This breakthrough was demonstrated in a pioneering pilot project with Kenvue, marking a transformative moment for regulatory writing in the pharmaceutical sector.
“At Celegence, we believe that generative AI is not just a technological advancement: it’s a transformative force that redefines regulatory writing in the life sciences."
"By automating complex document creation like CMC Module 3, we empower regulatory teams to achieve unprecedented speed, accuracy, and compliance. This breakthrough enables our clients to focus on strategic innovation while ensuring their submissions meet the highest global standards."

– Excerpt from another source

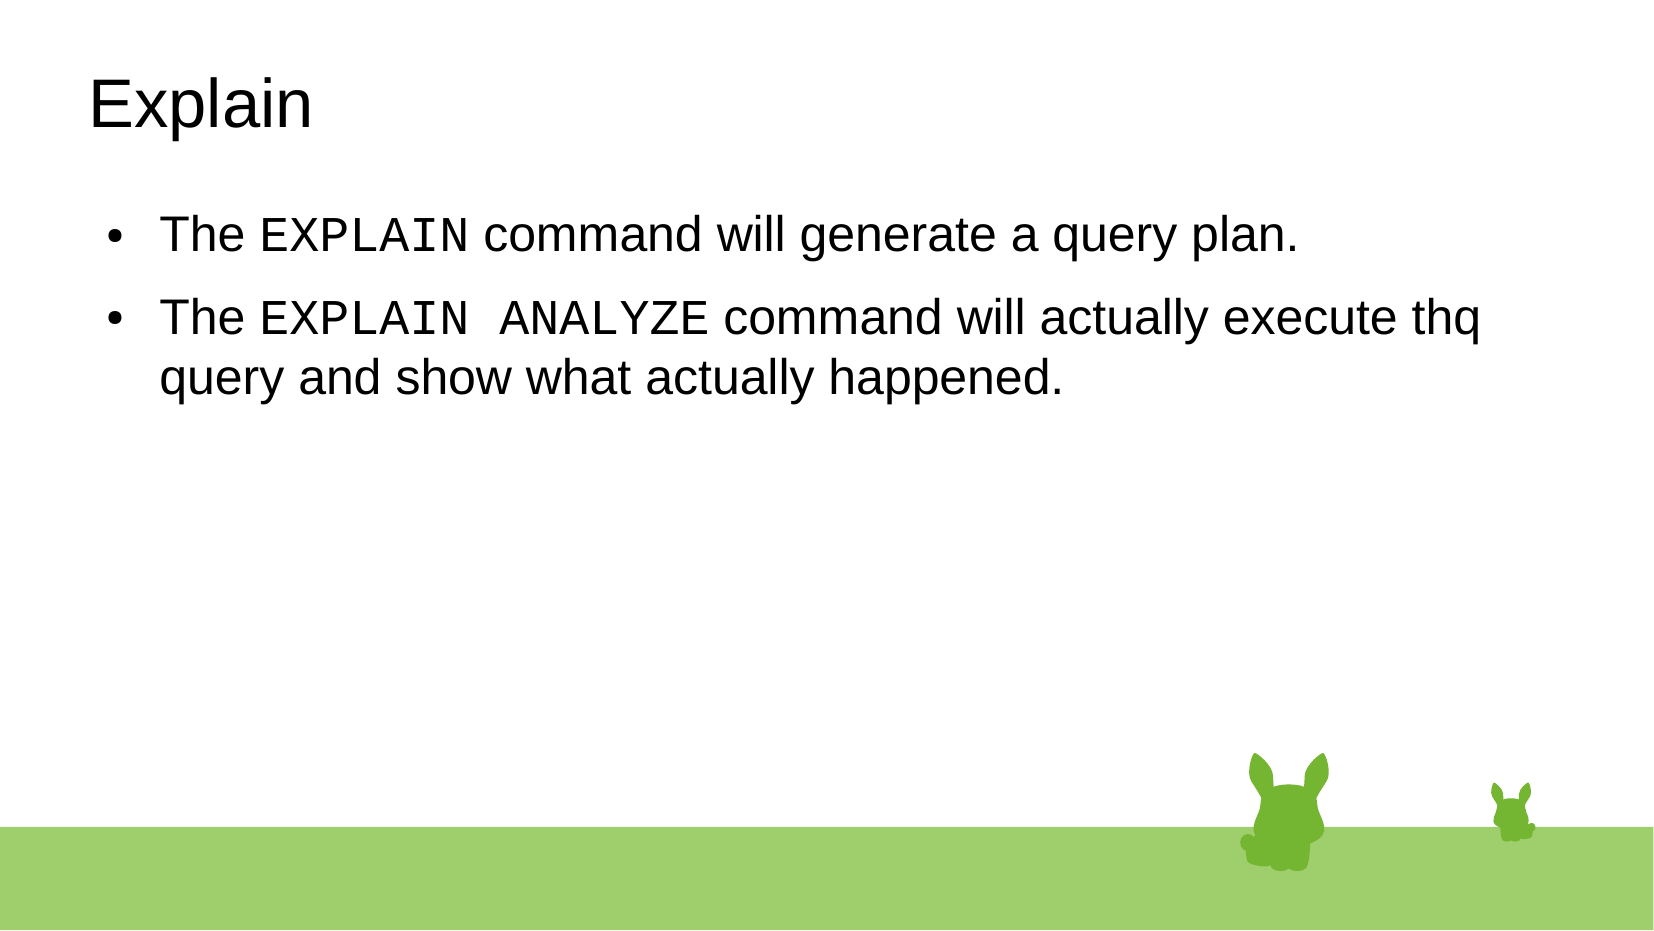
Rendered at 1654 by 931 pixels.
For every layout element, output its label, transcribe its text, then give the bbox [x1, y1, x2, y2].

list The EXPLAIN command will generate a query plan. The EXPLAIN ANALYZE command will actually execute thq query and show what actually happened. [88, 206, 1565, 739]
title Explain [88, 29, 1565, 178]

"The future of regulatory writing is here and Celegence is proud to lead the way.” said Punya Abbhi, Chief Operating Officer, Celegence.
Industry first automation of CMC Module 3
In a 6-month pilot partnership with Kenvue, Celegence’s CAPTIS platform automatically generated critical CMC Module 3 documents for FDA and MHRA submissions.
This achievement represents the first time generative AI has been proven to deliver high-quality, submission-ready CMC documentation at scale - an area historically dominated by labour-intensive, manual processes.
Key results from the pilot:
- 80–95% alignment with previously approved submissions: AI-generated drafts closely matched existing, regulator-approved documents, requiring minimal manual edits
- 60% faster draft turnaround: Tasks that previously took weeks were completed in minutes, freeing regulatory teams to focus on strategic review and value-added activities
- superior consistency and accuracy: CAPTIS standardised tables, terminology, and formatting across all sections, reducing the risk of common errors
- seamless data integration: The platform handled fragmented and variably structured input files — including scanned documents and handwritten notes —extracting and organising usable information with ease.
"The AI drafts were indistinguishable from our own," said Jason Mattis, Global Head, CMC Regulatory Affairs at Kenvue.
"In fact, I preferred the AI-generated tables; they were cleaner and easier to follow. Other generic AI writing tools we piloted did not match the performance of Celegence’s purpose-built solution."
Addressing longstanding industry pain points
Regulatory writing teams have traditionally struggled with:
- Manual, Time-Intensive Authoring: Weeks spent compiling and aligning data from disparate sources.
- Inconsistent Source Data: Non-standardised documents from CMOs, clinical sites, and R&D teams.
- Compliance and Regulatory Risk: Increasing demands from authorities such as the FDA and EMA for consistency and speed.
- Data Quality and Traceability: Difficulty ensuring submissions are traceable to original sources, risking costly review delays.
Celegence’s CAPTIS platform directly addresses these challenges, setting a new standard for efficiency, accuracy, and compliance in regulatory submissions.
Why this matters now
AI-driven regulatory writing is no longer a future aspiration - it is a practical reality. With CAPTIS, Celegence empowers regulatory teams to
- Accelerate Literature Reviews: Automate evidence synthesis and ensure traceability.
- Standardise Global Submissions: Align with ICH, MDR, and FDA requirements ro reduce review cycles.
- Reduce Time and Costs in Lifecycle Management of Regulatory Documents: Achieve up to 50% faster writing speeds with fewer revisions.
- Improve Data Quality: Minimise manual errors and ensure robust audit readiness for lifecycle management.
The future of regulatory writing
Celegence’s achievement in automating CMC Module 3 document creation with generative AI signals a new era for regulatory operations in life sciences.
As companies face increasing submission volumes and complexity, the ability to rapidly generate, update and maintain compliant documentation will be a key differentiator.